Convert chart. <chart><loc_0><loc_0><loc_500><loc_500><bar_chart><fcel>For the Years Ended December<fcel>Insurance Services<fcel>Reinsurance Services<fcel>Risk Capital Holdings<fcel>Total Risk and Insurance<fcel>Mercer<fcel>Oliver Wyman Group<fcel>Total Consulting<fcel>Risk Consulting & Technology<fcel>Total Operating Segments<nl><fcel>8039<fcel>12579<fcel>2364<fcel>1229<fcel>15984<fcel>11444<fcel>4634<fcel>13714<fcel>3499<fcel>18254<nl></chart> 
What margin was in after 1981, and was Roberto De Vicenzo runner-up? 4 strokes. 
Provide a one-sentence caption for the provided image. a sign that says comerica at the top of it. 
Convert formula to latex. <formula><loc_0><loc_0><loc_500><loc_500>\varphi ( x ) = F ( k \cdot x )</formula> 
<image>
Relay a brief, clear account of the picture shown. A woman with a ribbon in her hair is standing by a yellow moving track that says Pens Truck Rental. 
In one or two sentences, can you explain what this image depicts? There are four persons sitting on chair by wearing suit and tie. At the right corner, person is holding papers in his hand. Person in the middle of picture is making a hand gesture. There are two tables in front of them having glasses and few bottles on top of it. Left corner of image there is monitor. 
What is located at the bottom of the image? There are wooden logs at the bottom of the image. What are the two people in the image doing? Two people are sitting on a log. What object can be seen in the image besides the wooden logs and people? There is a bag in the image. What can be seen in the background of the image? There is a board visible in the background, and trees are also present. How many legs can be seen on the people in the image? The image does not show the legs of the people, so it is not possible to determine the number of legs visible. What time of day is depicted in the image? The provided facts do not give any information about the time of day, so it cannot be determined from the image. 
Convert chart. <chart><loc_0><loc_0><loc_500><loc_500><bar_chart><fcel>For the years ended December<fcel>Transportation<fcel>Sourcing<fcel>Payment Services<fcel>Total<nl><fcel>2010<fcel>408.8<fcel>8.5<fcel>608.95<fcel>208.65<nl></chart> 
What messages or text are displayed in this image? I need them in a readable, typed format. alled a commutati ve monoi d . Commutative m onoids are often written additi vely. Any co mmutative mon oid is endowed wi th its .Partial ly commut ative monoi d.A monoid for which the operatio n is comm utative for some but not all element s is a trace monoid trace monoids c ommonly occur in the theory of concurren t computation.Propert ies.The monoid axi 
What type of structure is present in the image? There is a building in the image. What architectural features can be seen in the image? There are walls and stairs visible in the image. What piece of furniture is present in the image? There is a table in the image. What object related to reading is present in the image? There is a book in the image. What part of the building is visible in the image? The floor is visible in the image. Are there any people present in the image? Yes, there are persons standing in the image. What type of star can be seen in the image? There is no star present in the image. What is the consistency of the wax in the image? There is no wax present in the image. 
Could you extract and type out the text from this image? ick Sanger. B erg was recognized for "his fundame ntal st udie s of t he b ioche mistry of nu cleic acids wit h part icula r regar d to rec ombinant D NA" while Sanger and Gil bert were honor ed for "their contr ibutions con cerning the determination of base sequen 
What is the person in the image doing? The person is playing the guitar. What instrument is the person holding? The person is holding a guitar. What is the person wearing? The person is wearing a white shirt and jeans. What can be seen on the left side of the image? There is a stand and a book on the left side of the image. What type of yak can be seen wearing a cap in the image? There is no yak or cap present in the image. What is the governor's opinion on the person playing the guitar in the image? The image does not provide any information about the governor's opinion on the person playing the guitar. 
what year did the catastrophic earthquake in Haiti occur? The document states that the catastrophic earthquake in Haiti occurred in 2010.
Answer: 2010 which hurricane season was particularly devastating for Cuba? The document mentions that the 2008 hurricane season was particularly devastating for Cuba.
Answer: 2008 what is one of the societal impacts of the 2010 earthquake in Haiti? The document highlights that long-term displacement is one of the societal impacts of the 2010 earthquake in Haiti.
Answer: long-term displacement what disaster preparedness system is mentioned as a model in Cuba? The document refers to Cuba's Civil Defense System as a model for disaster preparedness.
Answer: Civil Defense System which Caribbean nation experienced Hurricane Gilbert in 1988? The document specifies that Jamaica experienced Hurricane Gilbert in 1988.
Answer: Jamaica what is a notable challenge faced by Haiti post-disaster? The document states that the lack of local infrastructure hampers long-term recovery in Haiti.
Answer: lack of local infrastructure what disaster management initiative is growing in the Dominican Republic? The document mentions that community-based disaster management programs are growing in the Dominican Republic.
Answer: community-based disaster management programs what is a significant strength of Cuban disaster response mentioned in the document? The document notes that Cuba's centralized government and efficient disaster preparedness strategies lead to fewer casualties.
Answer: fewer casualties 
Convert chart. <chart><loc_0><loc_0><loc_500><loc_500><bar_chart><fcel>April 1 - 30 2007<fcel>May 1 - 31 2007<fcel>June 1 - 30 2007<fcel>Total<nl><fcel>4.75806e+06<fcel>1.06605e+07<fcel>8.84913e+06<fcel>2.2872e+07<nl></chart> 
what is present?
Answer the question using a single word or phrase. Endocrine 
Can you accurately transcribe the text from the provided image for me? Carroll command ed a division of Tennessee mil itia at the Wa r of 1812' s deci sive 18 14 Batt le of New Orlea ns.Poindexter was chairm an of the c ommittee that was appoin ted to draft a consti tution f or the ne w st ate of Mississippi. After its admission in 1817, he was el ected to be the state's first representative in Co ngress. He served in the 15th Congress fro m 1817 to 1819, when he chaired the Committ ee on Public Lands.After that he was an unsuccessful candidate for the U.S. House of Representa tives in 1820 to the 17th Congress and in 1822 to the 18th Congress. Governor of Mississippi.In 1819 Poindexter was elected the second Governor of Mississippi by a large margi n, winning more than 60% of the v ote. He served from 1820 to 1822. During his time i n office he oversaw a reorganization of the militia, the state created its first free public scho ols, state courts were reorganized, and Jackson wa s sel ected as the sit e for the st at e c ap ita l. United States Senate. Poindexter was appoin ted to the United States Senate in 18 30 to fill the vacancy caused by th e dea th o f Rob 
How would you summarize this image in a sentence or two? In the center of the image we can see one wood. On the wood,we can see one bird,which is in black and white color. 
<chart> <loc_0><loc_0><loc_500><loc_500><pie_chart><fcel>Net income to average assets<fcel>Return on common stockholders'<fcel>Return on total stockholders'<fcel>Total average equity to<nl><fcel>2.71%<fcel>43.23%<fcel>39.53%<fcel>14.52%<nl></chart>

__WHAT YOU SHOULD DO__
Reproduce the lines above, beginning at the line with "what year did" and stopping after the line with "Answer the question", exactly as they are.

__EXPECTED ANSWER__
what year did the catastrophic earthquake in Haiti occur? The document states that the catastrophic earthquake in Haiti occurred in 2010.
Answer: 2010 which hurricane season was particularly devastating for Cuba? The document mentions that the 2008 hurricane season was particularly devastating for Cuba.
Answer: 2008 what is one of the societal impacts of the 2010 earthquake in Haiti? The document highlights that long-term displacement is one of the societal impacts of the 2010 earthquake in Haiti.
Answer: long-term displacement what disaster preparedness system is mentioned as a model in Cuba? The document refers to Cuba's Civil Defense System as a model for disaster preparedness.
Answer: Civil Defense System which Caribbean nation experienced Hurricane Gilbert in 1988? The document specifies that Jamaica experienced Hurricane Gilbert in 1988.
Answer: Jamaica what is a notable challenge faced by Haiti post-disaster? The document states that the lack of local infrastructure hampers long-term recovery in Haiti.
Answer: lack of local infrastructure what disaster management initiative is growing in the Dominican Republic? The document mentions that community-based disaster management programs are growing in the Dominican Republic.
Answer: community-based disaster management programs what is a significant strength of Cuban disaster response mentioned in the document? The document notes that Cuba's centralized government and efficient disaster preparedness strategies lead to fewer casualties.
Answer: fewer casualties 
Convert chart. <chart><loc_0><loc_0><loc_500><loc_500><bar_chart><fcel>April 1 - 30 2007<fcel>May 1 - 31 2007<fcel>June 1 - 30 2007<fcel>Total<nl><fcel>4.75806e+06<fcel>1.06605e+07<fcel>8.84913e+06<fcel>2.2872e+07<nl></chart> 
what is present?
Answer the question using a single word or phrase. Endocrine 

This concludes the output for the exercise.